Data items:
•••••

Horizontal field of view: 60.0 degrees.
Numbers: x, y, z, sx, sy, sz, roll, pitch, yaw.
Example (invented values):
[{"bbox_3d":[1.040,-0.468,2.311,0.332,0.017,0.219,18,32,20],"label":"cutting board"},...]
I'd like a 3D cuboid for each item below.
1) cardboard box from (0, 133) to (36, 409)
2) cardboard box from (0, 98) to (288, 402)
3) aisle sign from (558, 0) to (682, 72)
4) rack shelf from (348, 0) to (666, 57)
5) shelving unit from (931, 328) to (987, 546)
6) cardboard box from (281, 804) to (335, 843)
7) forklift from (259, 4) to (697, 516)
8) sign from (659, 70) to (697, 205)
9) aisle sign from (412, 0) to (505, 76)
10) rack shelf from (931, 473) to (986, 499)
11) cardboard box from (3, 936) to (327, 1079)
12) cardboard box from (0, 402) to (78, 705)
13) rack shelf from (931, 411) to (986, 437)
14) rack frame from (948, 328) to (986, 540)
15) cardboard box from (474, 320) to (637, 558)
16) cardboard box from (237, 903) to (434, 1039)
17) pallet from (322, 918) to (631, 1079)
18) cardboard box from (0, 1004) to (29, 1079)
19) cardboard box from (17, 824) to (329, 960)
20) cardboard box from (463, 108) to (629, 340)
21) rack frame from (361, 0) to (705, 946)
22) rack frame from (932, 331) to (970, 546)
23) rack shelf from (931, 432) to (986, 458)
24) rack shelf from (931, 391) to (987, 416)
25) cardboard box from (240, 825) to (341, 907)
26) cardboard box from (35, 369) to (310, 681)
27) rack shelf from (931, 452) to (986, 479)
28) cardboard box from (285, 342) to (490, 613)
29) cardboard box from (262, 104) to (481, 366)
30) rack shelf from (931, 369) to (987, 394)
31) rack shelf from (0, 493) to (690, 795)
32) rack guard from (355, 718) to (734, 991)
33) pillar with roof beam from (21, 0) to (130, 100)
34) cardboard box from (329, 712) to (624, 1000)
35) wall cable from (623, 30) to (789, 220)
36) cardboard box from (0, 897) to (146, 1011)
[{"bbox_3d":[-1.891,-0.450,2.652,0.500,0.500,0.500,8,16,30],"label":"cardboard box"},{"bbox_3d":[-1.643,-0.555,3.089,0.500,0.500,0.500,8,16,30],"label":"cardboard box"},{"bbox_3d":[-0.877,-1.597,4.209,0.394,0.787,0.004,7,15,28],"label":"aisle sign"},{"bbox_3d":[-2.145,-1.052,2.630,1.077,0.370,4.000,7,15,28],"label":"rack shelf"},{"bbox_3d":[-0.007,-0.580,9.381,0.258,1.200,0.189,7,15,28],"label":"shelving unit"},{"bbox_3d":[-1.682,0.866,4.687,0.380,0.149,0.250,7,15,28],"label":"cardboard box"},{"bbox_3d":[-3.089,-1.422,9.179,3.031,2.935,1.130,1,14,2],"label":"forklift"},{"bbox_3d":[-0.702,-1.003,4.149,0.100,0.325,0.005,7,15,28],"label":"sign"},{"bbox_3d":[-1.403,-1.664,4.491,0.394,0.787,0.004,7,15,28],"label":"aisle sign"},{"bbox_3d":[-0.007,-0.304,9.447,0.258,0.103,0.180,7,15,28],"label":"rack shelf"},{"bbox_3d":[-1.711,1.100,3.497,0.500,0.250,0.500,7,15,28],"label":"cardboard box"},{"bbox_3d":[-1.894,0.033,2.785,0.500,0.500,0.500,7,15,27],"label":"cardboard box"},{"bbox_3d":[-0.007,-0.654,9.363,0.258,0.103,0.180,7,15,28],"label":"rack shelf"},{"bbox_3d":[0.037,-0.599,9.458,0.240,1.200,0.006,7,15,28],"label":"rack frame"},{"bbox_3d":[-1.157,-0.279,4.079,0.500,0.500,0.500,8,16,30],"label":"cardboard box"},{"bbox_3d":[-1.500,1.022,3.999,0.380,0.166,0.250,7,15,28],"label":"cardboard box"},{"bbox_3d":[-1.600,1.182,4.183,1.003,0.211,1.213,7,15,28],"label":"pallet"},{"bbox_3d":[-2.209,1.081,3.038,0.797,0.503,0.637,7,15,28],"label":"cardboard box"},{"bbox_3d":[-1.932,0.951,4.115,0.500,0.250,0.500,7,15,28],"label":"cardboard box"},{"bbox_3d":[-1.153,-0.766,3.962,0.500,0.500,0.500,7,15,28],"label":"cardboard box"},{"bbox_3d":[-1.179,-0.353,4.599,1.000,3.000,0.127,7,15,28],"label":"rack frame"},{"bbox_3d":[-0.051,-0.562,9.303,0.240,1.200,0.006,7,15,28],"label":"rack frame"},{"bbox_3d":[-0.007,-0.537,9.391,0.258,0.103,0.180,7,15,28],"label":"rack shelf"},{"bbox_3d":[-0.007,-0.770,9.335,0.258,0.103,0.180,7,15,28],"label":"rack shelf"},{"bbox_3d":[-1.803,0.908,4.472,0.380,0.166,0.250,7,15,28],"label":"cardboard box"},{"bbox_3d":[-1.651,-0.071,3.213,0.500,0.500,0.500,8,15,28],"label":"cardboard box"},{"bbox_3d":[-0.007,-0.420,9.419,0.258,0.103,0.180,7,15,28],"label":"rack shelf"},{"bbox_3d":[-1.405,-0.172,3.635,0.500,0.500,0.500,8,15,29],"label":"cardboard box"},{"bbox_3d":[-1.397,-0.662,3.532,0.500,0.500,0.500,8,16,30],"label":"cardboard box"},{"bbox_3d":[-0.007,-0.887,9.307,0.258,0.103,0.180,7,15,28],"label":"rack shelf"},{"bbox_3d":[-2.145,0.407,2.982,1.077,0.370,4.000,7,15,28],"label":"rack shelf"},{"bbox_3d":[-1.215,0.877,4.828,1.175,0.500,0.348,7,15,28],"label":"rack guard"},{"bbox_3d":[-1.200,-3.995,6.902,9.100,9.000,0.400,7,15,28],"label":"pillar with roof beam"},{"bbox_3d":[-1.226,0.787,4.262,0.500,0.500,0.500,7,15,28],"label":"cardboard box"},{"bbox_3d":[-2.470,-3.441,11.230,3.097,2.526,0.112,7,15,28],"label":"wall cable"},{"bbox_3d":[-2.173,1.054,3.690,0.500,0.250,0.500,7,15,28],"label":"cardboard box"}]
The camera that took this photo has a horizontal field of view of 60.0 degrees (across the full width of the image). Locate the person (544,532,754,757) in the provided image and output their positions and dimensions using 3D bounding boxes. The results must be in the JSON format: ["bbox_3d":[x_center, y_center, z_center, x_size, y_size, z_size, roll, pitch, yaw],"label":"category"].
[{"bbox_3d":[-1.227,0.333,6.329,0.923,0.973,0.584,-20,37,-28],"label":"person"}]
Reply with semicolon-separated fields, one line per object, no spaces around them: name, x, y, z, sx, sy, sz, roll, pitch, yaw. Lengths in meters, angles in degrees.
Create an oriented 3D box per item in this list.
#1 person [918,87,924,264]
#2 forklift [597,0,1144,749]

•••••

• [What the task requires]: All that is wanted is the line with "Reply with semicolon-separated" and every later line in the entries, reproduced exactly.

• [Response]:
Reply with semicolon-separated fields, one line per object, no spaces around them: name, x, y, z, sx, sy, sz, roll, pitch, yaw. Lengths in meters, angles in degrees.
Create an oriented 3D box per item in this list.
#1 person [918,87,924,264]
#2 forklift [597,0,1144,749]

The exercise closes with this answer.